··· Data section
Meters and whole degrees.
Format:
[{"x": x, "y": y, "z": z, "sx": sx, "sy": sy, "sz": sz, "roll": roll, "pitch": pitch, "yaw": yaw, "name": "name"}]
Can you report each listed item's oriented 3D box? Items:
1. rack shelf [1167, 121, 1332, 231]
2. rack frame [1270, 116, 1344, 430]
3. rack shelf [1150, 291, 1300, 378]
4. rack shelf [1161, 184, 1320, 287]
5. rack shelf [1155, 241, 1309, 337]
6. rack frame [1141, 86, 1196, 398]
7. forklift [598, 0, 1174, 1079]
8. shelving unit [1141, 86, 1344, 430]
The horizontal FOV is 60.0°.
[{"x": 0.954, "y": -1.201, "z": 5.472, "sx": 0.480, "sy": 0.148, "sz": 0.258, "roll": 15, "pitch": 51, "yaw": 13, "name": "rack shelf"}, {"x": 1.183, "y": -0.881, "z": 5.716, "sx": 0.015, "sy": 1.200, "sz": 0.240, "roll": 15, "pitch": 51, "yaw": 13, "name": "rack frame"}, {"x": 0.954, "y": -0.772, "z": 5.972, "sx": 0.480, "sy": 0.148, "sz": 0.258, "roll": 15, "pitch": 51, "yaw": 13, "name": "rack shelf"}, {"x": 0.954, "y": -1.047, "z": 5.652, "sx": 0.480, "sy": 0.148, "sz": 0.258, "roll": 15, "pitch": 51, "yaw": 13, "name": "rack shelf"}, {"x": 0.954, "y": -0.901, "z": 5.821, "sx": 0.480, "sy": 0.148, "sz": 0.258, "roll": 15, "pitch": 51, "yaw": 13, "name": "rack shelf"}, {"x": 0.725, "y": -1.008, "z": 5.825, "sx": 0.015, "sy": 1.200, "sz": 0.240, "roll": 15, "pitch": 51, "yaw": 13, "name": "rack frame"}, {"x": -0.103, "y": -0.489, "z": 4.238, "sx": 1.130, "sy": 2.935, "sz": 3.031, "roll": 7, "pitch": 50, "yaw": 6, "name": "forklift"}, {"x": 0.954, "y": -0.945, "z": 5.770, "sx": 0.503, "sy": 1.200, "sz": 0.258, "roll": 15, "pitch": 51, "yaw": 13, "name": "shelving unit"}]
······
§ **What you should do**
Output the material above exactly, but only from the line that carries "4. rack shelf [1161, 184, 1320, 287]" through the line that carries "8. shelving unit [1141, 86, 1344, 430]".

§ **Response to the exercise**
4. rack shelf [1161, 184, 1320, 287]
5. rack shelf [1155, 241, 1309, 337]
6. rack frame [1141, 86, 1196, 398]
7. forklift [598, 0, 1174, 1079]
8. shelving unit [1141, 86, 1344, 430]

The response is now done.